**Data records**.
------------------------------------------------------------------------
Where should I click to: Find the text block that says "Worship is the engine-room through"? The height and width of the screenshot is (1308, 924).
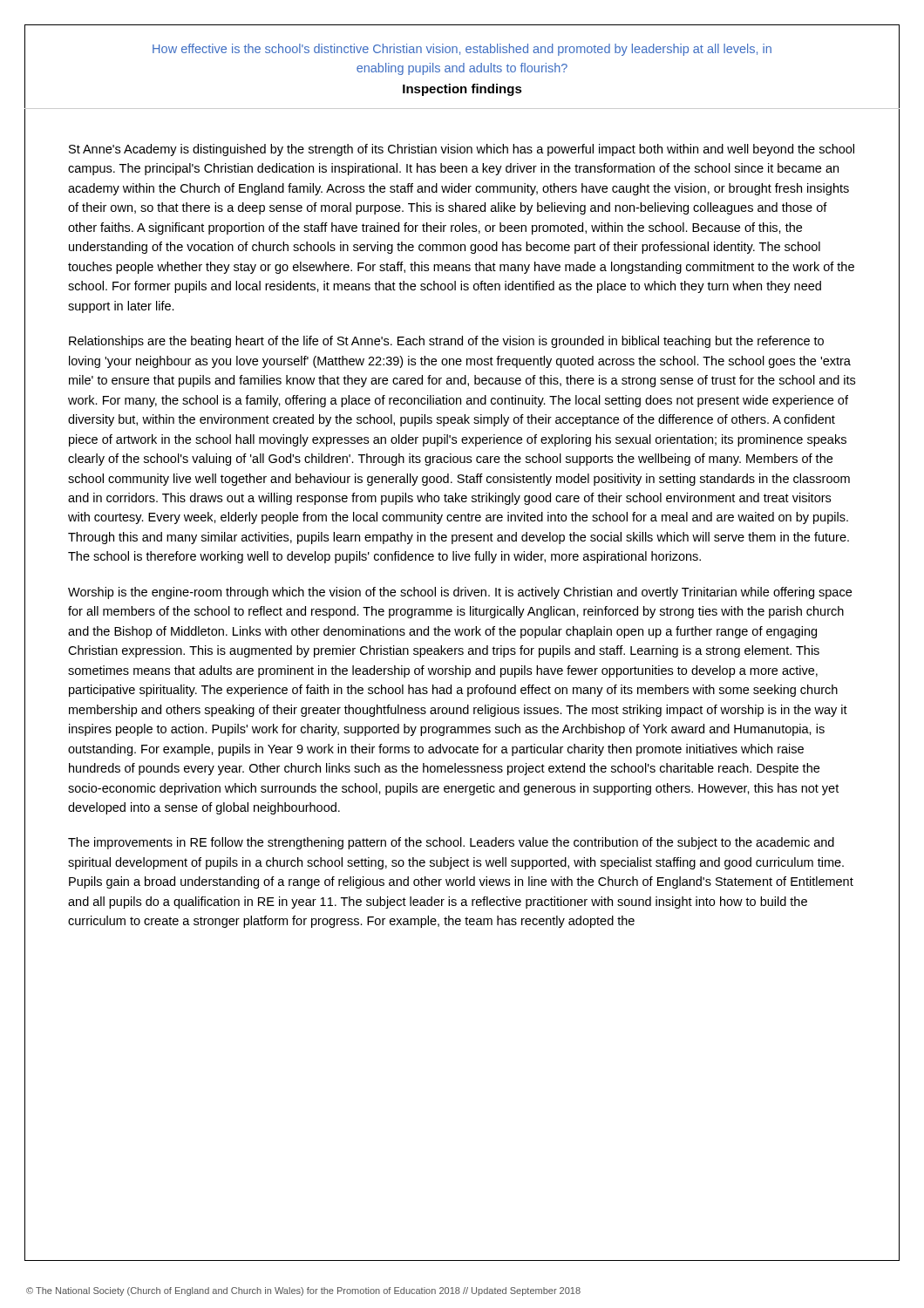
------------------------------------------------------------------------
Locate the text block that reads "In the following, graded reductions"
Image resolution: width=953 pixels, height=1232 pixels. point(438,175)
------------------------------------------------------------------------
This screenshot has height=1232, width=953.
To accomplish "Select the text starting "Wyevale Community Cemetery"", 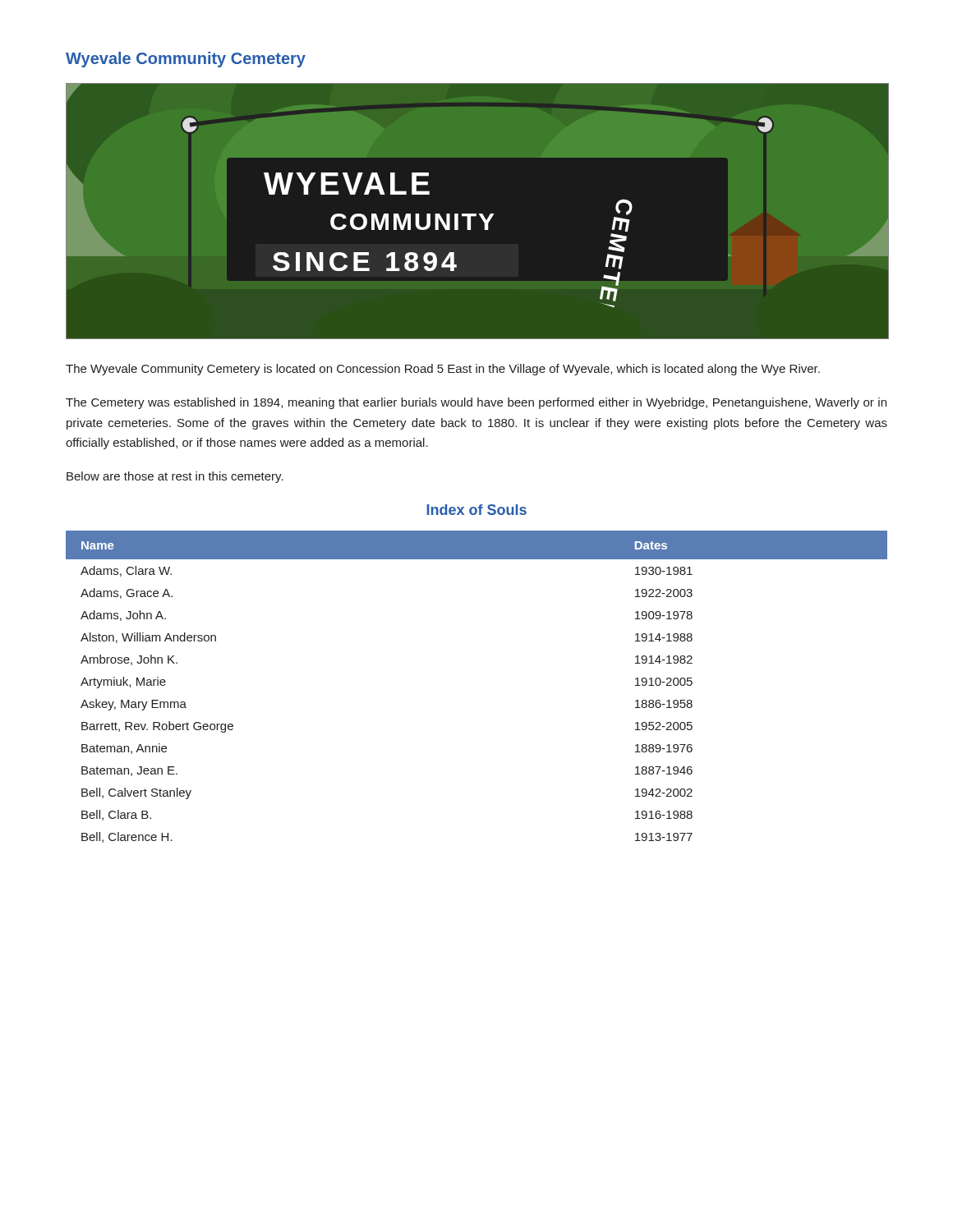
------------------------------------------------------------------------
Reproduce the listing above from the line that holds "This screenshot has height=1232, width=953." through the line that holds "the text starting", both included, with the pictures left out.

This screenshot has height=1232, width=953.
To accomplish "Select the text starting "Wyevale Community Cemetery"", 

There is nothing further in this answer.